Directions for this task ▸ Omitting the pictures, restate all of the entries below exactly.

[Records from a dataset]
◆ ◆ ◆ ◆

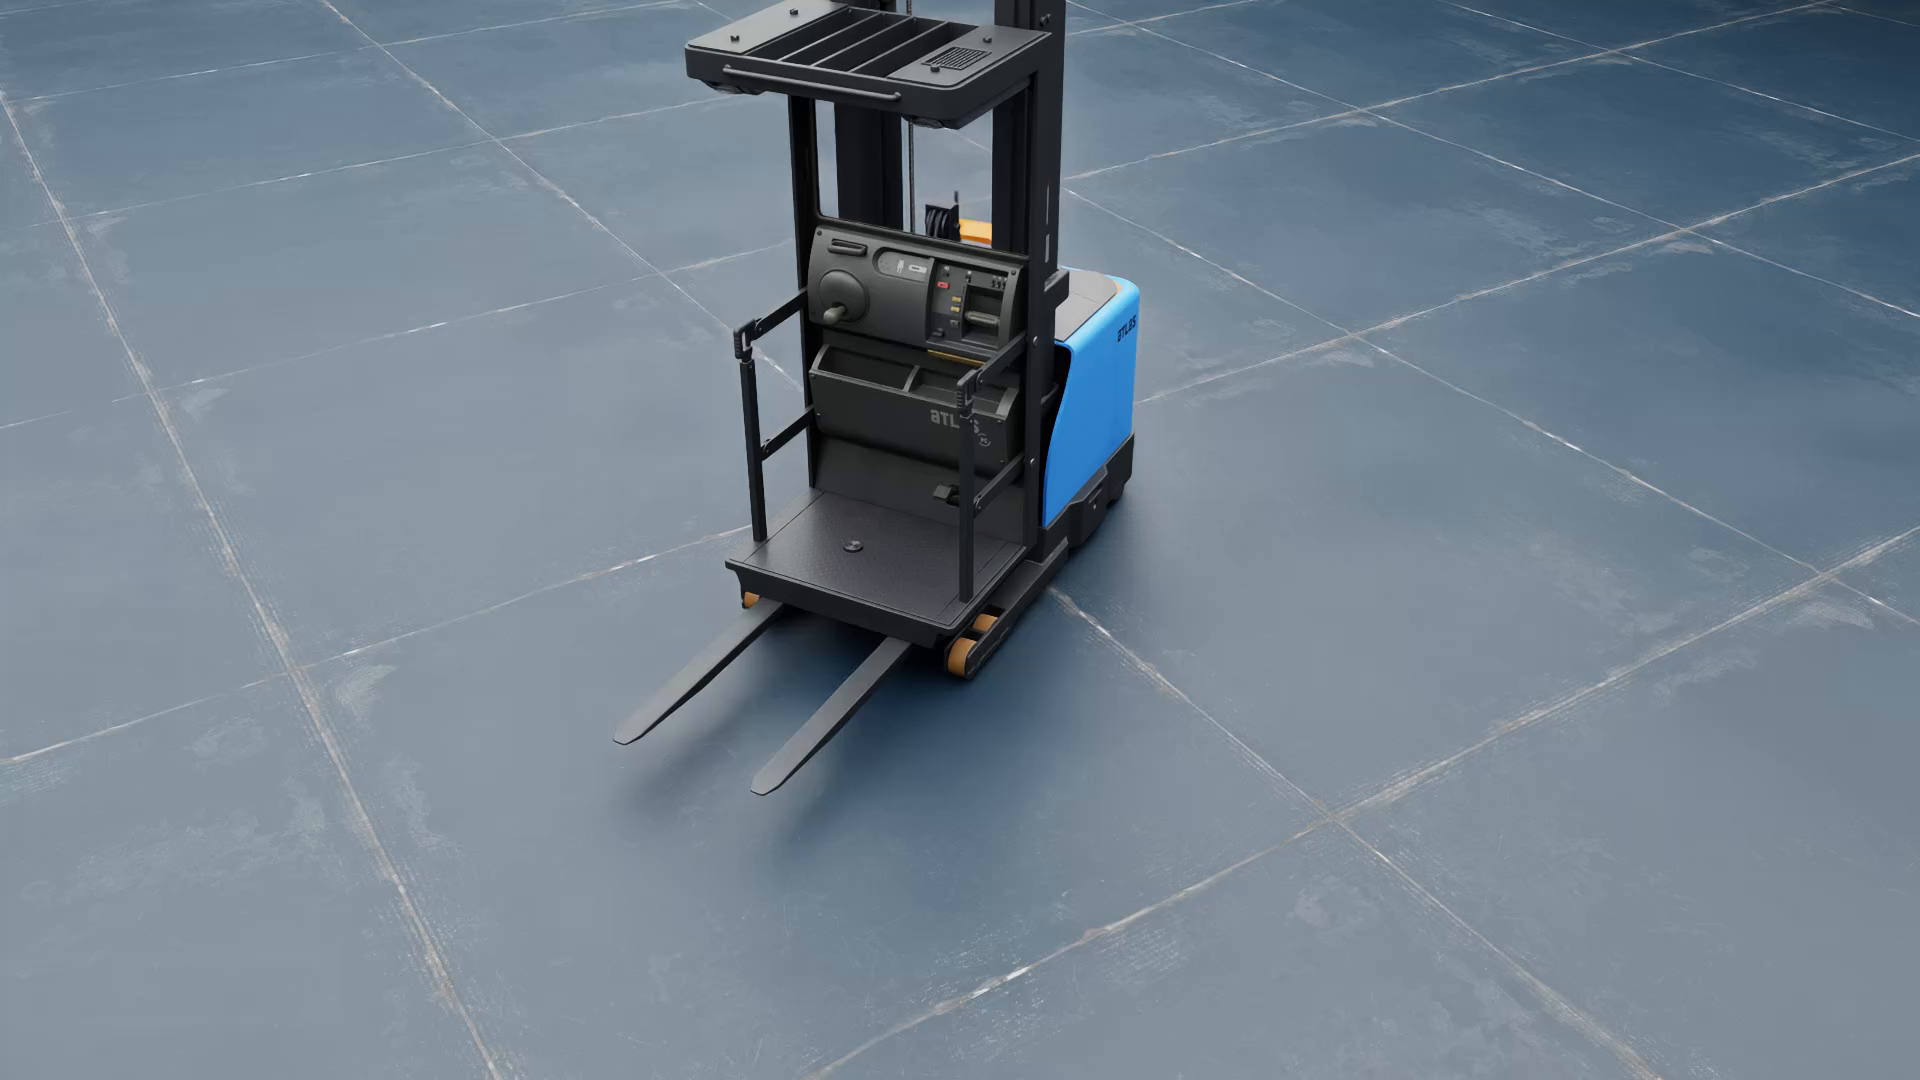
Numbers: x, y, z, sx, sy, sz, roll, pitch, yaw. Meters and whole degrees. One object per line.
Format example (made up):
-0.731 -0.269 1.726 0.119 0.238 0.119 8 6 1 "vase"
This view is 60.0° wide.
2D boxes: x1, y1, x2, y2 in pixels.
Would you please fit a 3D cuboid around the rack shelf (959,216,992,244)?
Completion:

◆ ◆ ◆ ◆

Result of the task ▸
Numbers: x, y, z, sx, sy, sz, roll, pitch, yaw. Meters and whole degrees. One object per line.
Format example (made up):
-0.731 -0.269 1.726 0.119 0.238 0.119 8 6 1 "vase"
This view is 60.0° wide.
2D boxes: x1, y1, x2, y2 in pixels.
Would you please fit a 3D cuboid around the rack shelf (959,216,992,244)?
Completion:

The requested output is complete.